◆ INSTRUCTIONS TO FOLLOW: Leave out the pictures and output the data verbatim.

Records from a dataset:
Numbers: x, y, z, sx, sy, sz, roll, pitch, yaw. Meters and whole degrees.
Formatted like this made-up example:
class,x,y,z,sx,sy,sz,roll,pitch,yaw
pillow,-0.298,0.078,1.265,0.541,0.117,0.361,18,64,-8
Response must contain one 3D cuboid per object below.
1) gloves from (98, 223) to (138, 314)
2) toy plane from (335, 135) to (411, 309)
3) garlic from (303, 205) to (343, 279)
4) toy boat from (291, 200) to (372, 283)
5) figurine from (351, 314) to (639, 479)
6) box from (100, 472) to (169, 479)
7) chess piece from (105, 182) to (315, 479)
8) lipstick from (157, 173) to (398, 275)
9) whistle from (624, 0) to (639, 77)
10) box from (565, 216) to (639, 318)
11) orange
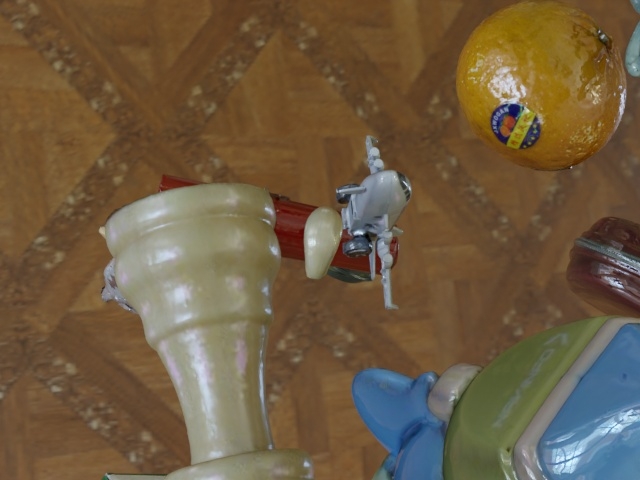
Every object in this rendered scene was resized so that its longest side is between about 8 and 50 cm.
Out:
class,x,y,z,sx,sy,sz,roll,pitch,yaw
gloves,-0.165,0.037,1.358,0.144,0.110,0.094,9,57,-6
toy plane,0.047,-0.025,1.130,0.066,0.171,0.162,-7,72,2
garlic,0.001,0.000,1.398,0.041,0.053,0.083,12,81,-4
toy boat,0.006,0.008,1.562,0.141,0.060,0.055,37,32,-1
figurine,0.120,0.123,0.616,0.180,0.262,0.153,21,70,-22
box,-0.193,0.322,1.286,0.135,0.199,0.081,13,31,-45
chess piece,-0.053,0.165,0.818,0.117,0.117,0.397,4,67,-40
lipstick,-0.050,-0.015,1.479,0.280,0.073,0.073,11,71,-5
whistle,0.333,-0.208,1.225,0.077,0.114,0.235,40,39,-40
box,0.490,0.099,1.584,0.108,0.404,0.263,-61,166,-3
orange,0.224,-0.158,1.315,0.178,0.155,0.177,11,43,-10
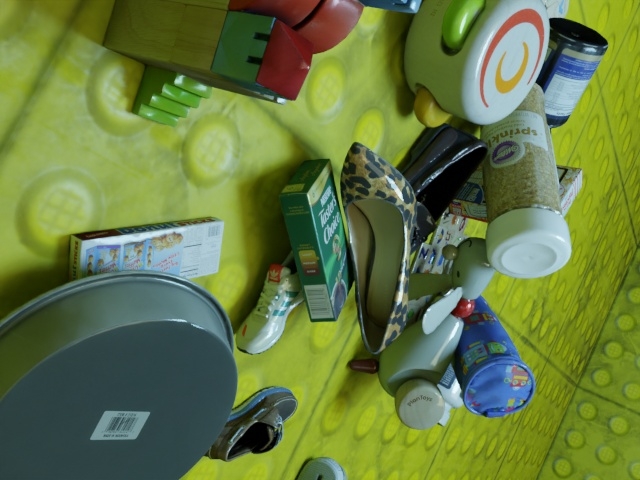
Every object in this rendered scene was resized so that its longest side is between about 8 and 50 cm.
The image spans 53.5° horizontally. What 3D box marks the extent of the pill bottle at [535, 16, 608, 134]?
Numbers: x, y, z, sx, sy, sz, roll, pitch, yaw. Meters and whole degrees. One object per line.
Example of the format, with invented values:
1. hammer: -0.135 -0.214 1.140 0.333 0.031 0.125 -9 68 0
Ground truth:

◆ RESULT OF THE EXERCISE:
Numbers: x, y, z, sx, sy, sz, roll, pitch, yaw. Meters and whole degrees.
Formatted like this made-up example:
class,x,y,z,sx,sy,sz,roll,pitch,yaw
pillow,-0.298,0.078,1.265,0.541,0.117,0.361,18,64,-8
Response must contain one 3D cuboid per object below.
1) gloves from (98, 223) to (138, 314)
2) toy plane from (335, 135) to (411, 309)
3) garlic from (303, 205) to (343, 279)
4) toy boat from (291, 200) to (372, 283)
5) figurine from (351, 314) to (639, 479)
6) box from (100, 472) to (169, 479)
7) chess piece from (105, 182) to (315, 479)
8) lipstick from (157, 173) to (398, 275)
9) whistle from (624, 0) to (639, 77)
10) box from (565, 216) to (639, 318)
11) orange
Every object in this rendered scene was resized so that its longest side is between about 8 and 50 cm.
Out:
class,x,y,z,sx,sy,sz,roll,pitch,yaw
gloves,-0.165,0.037,1.358,0.144,0.110,0.094,9,57,-6
toy plane,0.047,-0.025,1.130,0.066,0.171,0.162,-7,72,2
garlic,0.001,0.000,1.398,0.041,0.053,0.083,12,81,-4
toy boat,0.006,0.008,1.562,0.141,0.060,0.055,37,32,-1
figurine,0.120,0.123,0.616,0.180,0.262,0.153,21,70,-22
box,-0.193,0.322,1.286,0.135,0.199,0.081,13,31,-45
chess piece,-0.053,0.165,0.818,0.117,0.117,0.397,4,67,-40
lipstick,-0.050,-0.015,1.479,0.280,0.073,0.073,11,71,-5
whistle,0.333,-0.208,1.225,0.077,0.114,0.235,40,39,-40
box,0.490,0.099,1.584,0.108,0.404,0.263,-61,166,-3
orange,0.224,-0.158,1.315,0.178,0.155,0.177,11,43,-10
Every object in this rendered scene was resized so that its longest side is between about 8 and 50 cm.
The image spans 53.5° horizontally. What 3D box marks the extent of the pill bottle at [535, 16, 608, 134]?
Numbers: x, y, z, sx, sy, sz, roll, pitch, yaw. Meters and whole degrees. One object per line.
Example of the format, with invented values:
1. hammer: -0.135 -0.214 1.140 0.333 0.031 0.125 -9 68 0
Ground truth:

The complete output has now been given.